Method 2 — Intel XTU (Software)
Intel XTU lets you adjust PL1 and PL2 without a BIOS visit, useful for testing before committing to BIOS changes.
- Open XTU
- Under Package Power Limit sliders, set:
- Turbo Boost Short Power Max (PL2) to your target
- Turbo Boost Power Max (PL1) to match PL2
- Click Apply
XTU changes reset on reboot unless you click Apply on Start.
Method 3 — ThrottleStop
ThrottleStop is the power-user tool for per-core power management. It can set MSR (Model-Specific Register) values directly:
- Open ThrottleStop
- Click TPL (Turbo Power Limits)
- Set Power Limit 1 and Power Limit 2 to your target values in watts
- Check Turn On for each limit
- Click OK and Save
ThrottleStop is especially useful on laptops where BIOS power limit options are locked.

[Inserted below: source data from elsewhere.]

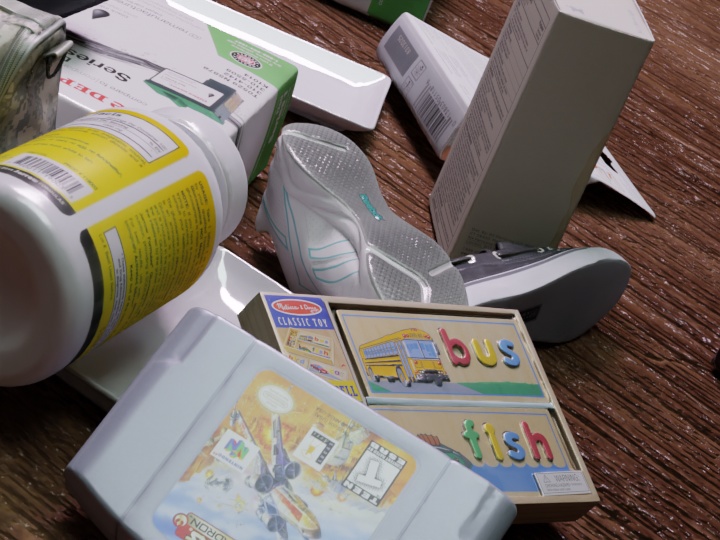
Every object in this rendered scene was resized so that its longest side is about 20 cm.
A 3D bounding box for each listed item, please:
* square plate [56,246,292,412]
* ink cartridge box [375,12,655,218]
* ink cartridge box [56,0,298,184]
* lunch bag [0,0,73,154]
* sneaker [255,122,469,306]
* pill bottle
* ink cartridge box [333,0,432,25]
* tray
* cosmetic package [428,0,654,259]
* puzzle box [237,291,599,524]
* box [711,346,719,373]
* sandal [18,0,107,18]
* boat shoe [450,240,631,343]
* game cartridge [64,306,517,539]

AMD Equivalent: PPT, TDC, EDC
AMD uses a different naming system but the concept is identical:
| AMD Limit | Equivalent Intel | Description |
|---|---|---|
| PPT (Package Power Tracking) | PL1/PL2 | Total chip power budget |
| TDC (Thermal Design Current) | — | Sustained current to the CPU |
| EDC (Electrical Design Current) | PL4 | Peak instantaneous current |
On AMD, these are configured in Ryzen Master or the BIOS (AMD CBS → CPU Common Options → Custom Core Performance Boost).

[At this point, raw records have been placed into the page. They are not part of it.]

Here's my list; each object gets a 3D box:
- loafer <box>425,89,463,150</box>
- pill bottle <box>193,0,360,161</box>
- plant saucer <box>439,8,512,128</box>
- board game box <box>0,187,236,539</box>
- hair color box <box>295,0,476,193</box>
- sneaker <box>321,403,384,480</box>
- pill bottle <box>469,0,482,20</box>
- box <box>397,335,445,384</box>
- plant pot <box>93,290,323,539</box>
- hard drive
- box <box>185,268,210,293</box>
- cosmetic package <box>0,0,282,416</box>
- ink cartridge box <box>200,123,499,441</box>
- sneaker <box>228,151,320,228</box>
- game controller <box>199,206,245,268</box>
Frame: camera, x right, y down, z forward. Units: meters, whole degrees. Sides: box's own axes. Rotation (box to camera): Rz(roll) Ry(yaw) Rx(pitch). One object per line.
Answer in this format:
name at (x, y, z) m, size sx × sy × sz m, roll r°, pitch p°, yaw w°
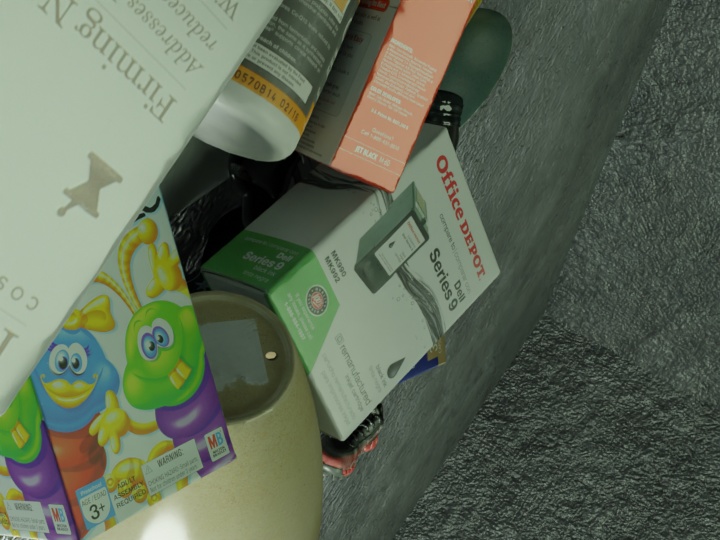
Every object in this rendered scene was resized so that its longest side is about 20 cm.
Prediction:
loafer at (0.004, -0.104, 0.921) m, size 0.072 × 0.199 × 0.073 m, roll 4°, pitch 85°, yaw -38°
pill bottle at (-0.057, -0.182, 0.685) m, size 0.116 × 0.116 × 0.201 m, roll 58°, pitch 54°, yaw -72°
plant saucer at (0.049, -0.181, 1.005) m, size 0.039 × 0.200 × 0.202 m, roll 42°, pitch 73°, yaw -31°
board game box at (-0.156, 0.020, 0.541) m, size 0.103 × 0.104 × 0.202 m, roll -22°, pitch 100°, yaw -46°
hair color box at (0.013, -0.167, 0.745) m, size 0.064 × 0.111 × 0.201 m, roll 19°, pitch 97°, yaw -37°
sneaker at (-0.015, 0.253, 1.666) m, size 0.099 × 0.070 × 0.200 m, roll -67°, pitch 166°, yaw 21°
pill bottle at (0.049, -0.247, 0.931) m, size 0.201 × 0.110 × 0.111 m, roll -58°, pitch 164°, yaw -11°
box at (-0.007, 0.047, 0.891) m, size 0.199 × 0.032 × 0.122 m, roll -18°, pitch 111°, yaw -39°
plant pot at (-0.101, 0.108, 0.700) m, size 0.187 × 0.186 × 0.201 m, roll -49°, pitch 165°, yaw -37°
hard drive at (-0.100, -0.128, 0.825) m, size 0.200 × 0.026 × 0.133 m, roll -43°, pitch 156°, yaw -48°
box at (-0.056, 0.046, 0.968) m, size 0.199 × 0.114 × 0.133 m, roll -31°, pitch 144°, yaw -35°
cosmetic package at (-0.156, -0.095, 0.350) m, size 0.201 × 0.166 × 0.167 m, roll -58°, pitch 137°, yaw -11°
ink cartridge box at (0.000, 0.000, 0.804) m, size 0.200 × 0.084 × 0.147 m, roll -44°, pitch 127°, yaw -27°
sneaker at (-0.051, -0.106, 0.830) m, size 0.139 × 0.077 × 0.202 m, roll -26°, pitch 131°, yaw -48°
game controller at (-0.124, 0.026, 1.009) m, size 0.104 × 0.042 × 0.201 m, roll -17°, pitch 134°, yaw -48°

Recommended Power Limit Scenarios
| Cooler | Recommended PL1 | Notes |
|---|---|---|
| 240mm AIO | 150–180W sustained | Monitor temps; set realistic ceiling |
| 360mm AIO | 200–250W sustained | Can handle most K-series CPUs at PL2 |
| High-end tower (NH-D15, Phantom Spirit) | 150–200W sustained | Depends on ambient temp |
| Stock cooler | Do not raise above default | Thermal headroom is extremely limited |
Conclusion
Power limits are the invisible governor on your CPU’s performance. On Intel systems especially, a CPU that throttles from PL2 to PL1 mid-gaming-session produces a very noticeable performance drop that driver updates and other tweaks won’t fix. Raising PL1 to match PL2 and extending Tau is one of the highest-impact BIOS changes you can make — provided your cooler is up to the task.